Pell's Equation 41

The continued fraction expansion of $\sqrt{41} = \big[6,\overline{2,2,12}\big]$ has period $3$ , which is odd. Thus the fundamental solution of the equation $p^2 - 41q^2 \; = \; -1$ is derived from the second convergent $\tfrac{32}{5}$ of the continued fraction expansion of $\sqrt{41}$ , so that $p=32$ and $q=5$ . Thus the fundamental solution of the equation $p^2 - 41q^2 \; = \; 1$ comes from the square $(32 + 5\sqrt{41})^2 \,=\, 2049 + 320\sqrt{41}$ , so that $p=2049$ and $q=320$ . Thus $p+q = \boxed{2369}$ .

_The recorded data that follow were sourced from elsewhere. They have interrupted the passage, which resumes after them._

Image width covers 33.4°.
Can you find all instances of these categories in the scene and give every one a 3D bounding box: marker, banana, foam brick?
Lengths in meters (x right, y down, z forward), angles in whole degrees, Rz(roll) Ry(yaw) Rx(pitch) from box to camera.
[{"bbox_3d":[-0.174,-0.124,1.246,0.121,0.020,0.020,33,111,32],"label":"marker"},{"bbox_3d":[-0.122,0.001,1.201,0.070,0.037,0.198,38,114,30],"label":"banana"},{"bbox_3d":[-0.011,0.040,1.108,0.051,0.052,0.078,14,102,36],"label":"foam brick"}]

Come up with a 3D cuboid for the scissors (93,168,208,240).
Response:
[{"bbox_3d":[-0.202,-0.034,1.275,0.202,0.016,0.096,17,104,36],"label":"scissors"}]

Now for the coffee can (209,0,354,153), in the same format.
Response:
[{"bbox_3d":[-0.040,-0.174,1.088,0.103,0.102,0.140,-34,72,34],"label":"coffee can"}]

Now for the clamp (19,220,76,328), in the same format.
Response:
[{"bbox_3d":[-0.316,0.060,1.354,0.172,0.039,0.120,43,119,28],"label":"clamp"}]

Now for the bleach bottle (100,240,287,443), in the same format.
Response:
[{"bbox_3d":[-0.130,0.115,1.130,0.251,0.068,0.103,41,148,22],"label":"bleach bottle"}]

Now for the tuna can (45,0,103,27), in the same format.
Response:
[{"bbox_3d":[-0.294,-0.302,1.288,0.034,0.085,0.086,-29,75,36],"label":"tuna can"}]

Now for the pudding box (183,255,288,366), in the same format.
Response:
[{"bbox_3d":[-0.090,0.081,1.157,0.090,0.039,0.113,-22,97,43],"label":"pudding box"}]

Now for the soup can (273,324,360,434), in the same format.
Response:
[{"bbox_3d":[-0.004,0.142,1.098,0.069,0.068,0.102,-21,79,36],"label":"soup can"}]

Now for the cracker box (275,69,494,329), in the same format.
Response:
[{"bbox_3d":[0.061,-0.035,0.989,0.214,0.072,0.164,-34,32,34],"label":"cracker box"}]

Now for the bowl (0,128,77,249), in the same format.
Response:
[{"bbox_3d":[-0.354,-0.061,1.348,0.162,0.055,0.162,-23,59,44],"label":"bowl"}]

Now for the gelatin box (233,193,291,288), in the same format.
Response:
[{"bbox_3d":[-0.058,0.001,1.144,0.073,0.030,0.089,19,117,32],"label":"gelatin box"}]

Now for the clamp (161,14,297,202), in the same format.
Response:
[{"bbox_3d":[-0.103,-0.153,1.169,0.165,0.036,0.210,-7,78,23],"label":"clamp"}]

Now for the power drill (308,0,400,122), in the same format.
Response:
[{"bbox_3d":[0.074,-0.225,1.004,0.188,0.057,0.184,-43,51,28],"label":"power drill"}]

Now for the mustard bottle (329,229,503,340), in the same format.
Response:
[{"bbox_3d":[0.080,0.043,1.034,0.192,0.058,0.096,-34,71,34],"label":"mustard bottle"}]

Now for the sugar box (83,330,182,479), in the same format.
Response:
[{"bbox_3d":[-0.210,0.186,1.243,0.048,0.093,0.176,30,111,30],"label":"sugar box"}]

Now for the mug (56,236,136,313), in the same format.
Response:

$x^2-41y^2=1 \\ \frac{x^2}{y^2}-41=\frac{1}{y^2} \\ \frac{x^2}{y^2}=41+\frac{1}{y^2}$

As $y^2$ increases exponentially, the value of $\frac{1}{y^2}$ gets negligible. So we can write the equation as

$\frac{x^2}{y^2} \approx 41 \\ \frac{x}{y} \approx \sqrt{41}$

So we just need to check pairs of $x$ and $y$ such that $\frac{x}{y}$ converge to $\sqrt{41}$ .

To make the search easier, continued fraction of the square root can be found. Continued fraction appears to be $[6; \overline{2, 2, 12}]$ . On testing a few partial sums, it can be found that $x = 2049$ and $y = 320$ works.